If the initial reward function $i$ in the ITC agent planning world rewards paperclip production, then the planning world ITC agent lacks any direct incentive to perform actions that take away resources from paperclip production in order to influence what happens to its input terminal signal, as modeled by the nodes $I_{1}, I_{2}, \dots$ . This is because in the $c i$ planning world, the state of these nodes has absolutely no influence, either positive or negative, on how the values in the agent's yellow utility nodes are computed.

Corrigibility of the ITC agent

As the learning world ITC agent we defined takes actions defined by the planning world policies, the ITC agent is also indifferent about the value of its future terminal signal. It also has no direct incentive to manipulate the human decision processes that will determine the direction of these updates. As explained in the previous post, this is a form of corrigibility.

But the ITC agent is not perfectly corrigible under all conditions, as it might develop indirect incentives to block the use of the input terminal. For a detailed example, see the discussion about stop button failure modes in this earlier post.

Simplifying the ITC agent design

We can simplify the ITC agent design by removing the nodes $I_{1}, I_{2}, \dots$ from the planning world, as these have no effect on the reward we want the agent to calculate. This in turn allows us to remove the observational records and machine learning function needed to compute the planning world parameter $L^{i}$ .

These steps produce the following diagrams and agent definition:

CITC: The compact version of the counterfactual input terminal agent has the learning world $c l i$ where $π (i, o, x) = π_{c}^{*} (x)$ , where $π_{c}^{*}$ is defined by the planning world $c c i$ , where $L = L (o)$ and $R (i_{t}, x_{t}, x_{t + 1}) = i_{t} (x_{t}, x_{t + 1})$ .

Relation between counterfactual planning and indifference methods

In my 2020 paper here, I used non-graphical MDP models and indifference methods to define a similar safe agent with an input terminal, called the $π_{sl}^{*}$ agent. When used as a specification for a real-life agent compute core, the $π_{sl}^{*}$ agent definition in that paper produces exactly the same corrigible agent compute core behavior as the ITC agent definition above.

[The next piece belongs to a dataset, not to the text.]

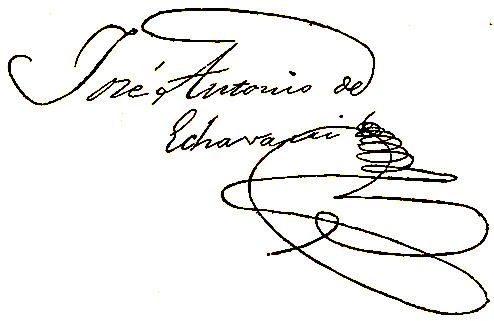
Signature of: josé antonio de echávarri

The main difference is that the indifference methods based construction of $π_{sl}^{*}$ in that paper is more opaque than the counterfactual planning based construction of ITC above.

The $π_{sl}^{*}$ agent is constructed by including a complex balancing term in its reward function, were this term can be interpreted as occasionally creating extra virtual worlds inside the agent's compute core. Counterfactual planning constructs a different set of virtual worlds called planning worlds, and these are much easier to interpret.

My 2020 paper includes some dense mathematical proofs to show that the $π_{sl}^{*}$ agent has certain safety properties. Counterfactual planning offers a vantage point which makes the same safety properties directly visible in the ITC agent construction, via a lack of certain paths to value in the planning world.

So overall, my claim is that counterfactual planning offers a more general and transparent way to achieve the corrigibility effects that can be constructed via balancing term based indifference methods.

Simulations of ITC agent behavior

See sections 4, 6, 11, and 12 of my 2020 paper for a more detailed discussion of the behavior of the $π_{sl}^{*}$ agent, which also applies to the behavior of the ITC agent. These sections also show some illustrative agent simulations.

Section 6 has simulations where the agent will develop, under certain conditions, an indirect incentive causing it to be less corrigible. Somewhat counter-intuitively, that incentive gets fully suppressed when the agent gets more powerful, for example by becoming more intelligent.